(Stored entries)
──────────────────────────────

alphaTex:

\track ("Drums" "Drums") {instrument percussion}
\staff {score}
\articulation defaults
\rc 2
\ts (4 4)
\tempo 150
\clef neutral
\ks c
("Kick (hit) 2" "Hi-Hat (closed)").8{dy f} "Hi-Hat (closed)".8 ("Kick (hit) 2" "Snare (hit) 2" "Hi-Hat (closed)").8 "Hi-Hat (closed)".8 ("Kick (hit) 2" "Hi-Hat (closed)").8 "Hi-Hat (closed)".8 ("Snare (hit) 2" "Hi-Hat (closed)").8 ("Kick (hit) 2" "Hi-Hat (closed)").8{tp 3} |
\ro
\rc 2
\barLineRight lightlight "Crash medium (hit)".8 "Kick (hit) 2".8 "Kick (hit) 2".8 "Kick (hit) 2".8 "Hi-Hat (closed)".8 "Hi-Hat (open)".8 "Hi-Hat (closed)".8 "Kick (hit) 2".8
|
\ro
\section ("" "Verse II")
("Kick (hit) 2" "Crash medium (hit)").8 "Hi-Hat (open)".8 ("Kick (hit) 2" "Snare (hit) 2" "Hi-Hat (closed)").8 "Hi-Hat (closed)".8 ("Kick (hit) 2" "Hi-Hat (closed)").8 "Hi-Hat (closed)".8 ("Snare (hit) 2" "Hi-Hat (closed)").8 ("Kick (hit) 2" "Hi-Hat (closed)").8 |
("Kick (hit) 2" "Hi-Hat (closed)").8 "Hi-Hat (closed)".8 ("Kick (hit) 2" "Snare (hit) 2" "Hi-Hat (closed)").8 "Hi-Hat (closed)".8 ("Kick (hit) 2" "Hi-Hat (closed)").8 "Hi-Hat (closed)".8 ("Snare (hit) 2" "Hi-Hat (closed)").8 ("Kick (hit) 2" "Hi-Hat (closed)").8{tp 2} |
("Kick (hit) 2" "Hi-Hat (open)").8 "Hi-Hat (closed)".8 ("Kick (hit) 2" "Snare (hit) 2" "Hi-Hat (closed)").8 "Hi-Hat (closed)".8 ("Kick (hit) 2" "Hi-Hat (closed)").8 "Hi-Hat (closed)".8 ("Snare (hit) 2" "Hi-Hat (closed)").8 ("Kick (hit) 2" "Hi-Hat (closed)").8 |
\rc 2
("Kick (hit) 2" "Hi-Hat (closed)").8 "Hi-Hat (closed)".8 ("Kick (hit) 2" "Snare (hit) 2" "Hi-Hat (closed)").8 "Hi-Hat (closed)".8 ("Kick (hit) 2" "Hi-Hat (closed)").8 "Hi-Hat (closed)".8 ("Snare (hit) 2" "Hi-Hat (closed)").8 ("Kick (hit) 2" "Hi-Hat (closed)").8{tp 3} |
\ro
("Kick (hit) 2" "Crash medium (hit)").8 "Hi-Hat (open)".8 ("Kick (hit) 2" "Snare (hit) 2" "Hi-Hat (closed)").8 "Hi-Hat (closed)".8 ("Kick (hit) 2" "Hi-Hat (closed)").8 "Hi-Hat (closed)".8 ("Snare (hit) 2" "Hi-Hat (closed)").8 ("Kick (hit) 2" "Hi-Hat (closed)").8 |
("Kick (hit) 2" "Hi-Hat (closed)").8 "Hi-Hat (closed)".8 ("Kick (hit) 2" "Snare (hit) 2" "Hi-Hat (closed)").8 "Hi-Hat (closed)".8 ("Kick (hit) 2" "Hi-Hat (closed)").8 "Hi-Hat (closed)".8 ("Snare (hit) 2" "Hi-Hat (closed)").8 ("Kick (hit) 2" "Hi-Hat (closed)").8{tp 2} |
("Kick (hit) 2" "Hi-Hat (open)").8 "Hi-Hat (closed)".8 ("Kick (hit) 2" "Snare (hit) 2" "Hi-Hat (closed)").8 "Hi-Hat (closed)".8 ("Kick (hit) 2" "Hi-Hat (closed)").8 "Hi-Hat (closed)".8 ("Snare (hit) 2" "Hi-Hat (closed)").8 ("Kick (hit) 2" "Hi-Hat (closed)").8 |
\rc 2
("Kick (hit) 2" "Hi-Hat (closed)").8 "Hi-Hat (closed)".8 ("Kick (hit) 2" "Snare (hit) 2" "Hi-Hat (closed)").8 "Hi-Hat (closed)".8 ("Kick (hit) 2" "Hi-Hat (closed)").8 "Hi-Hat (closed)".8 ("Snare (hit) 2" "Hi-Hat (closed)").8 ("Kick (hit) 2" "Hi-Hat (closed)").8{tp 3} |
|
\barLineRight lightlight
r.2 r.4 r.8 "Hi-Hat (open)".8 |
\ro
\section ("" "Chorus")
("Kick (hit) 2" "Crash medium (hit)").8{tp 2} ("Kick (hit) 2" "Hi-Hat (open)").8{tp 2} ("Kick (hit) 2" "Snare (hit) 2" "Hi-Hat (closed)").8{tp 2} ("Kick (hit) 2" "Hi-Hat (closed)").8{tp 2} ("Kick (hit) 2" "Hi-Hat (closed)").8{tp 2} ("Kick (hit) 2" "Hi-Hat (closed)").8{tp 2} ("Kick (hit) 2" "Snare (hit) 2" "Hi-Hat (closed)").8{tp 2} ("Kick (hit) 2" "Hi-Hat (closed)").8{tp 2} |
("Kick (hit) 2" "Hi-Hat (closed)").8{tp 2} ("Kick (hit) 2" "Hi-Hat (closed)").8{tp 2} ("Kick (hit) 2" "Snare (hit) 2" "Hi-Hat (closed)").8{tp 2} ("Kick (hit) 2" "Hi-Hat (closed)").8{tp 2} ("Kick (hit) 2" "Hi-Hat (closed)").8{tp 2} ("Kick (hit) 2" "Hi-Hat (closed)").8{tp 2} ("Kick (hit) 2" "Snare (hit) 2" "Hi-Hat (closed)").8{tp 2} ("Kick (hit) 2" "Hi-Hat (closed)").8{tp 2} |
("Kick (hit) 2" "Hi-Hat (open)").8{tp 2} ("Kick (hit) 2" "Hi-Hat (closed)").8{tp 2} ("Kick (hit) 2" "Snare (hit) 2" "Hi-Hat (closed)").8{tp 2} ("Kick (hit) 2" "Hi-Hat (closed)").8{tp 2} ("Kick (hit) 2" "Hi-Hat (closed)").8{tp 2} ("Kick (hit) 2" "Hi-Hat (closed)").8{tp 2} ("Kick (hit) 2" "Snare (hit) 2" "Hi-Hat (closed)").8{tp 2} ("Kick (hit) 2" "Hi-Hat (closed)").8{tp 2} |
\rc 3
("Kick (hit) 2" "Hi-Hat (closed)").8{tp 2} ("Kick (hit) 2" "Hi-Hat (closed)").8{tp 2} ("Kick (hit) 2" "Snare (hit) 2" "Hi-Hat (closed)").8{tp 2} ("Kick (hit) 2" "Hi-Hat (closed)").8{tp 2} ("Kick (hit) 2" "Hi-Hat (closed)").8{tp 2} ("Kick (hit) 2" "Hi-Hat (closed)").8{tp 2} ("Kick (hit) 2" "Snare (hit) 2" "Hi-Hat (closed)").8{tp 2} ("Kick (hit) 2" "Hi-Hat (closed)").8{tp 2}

──────────────────────────────

**Task goal**. Read through the lines above and collect those that contain the string "barLineRight".

**Your response**.
\barLineRight lightlight "Crash medium (hit)".8 "Kick (hit) 2".8 "Kick (hit) 2".8 "Kick (hit) 2".8 "Hi-Hat (closed)".8 "Hi-Hat (open)".8 "Hi-Hat (closed)".8 "Kick (hit) 2".8
\barLineRight lightlight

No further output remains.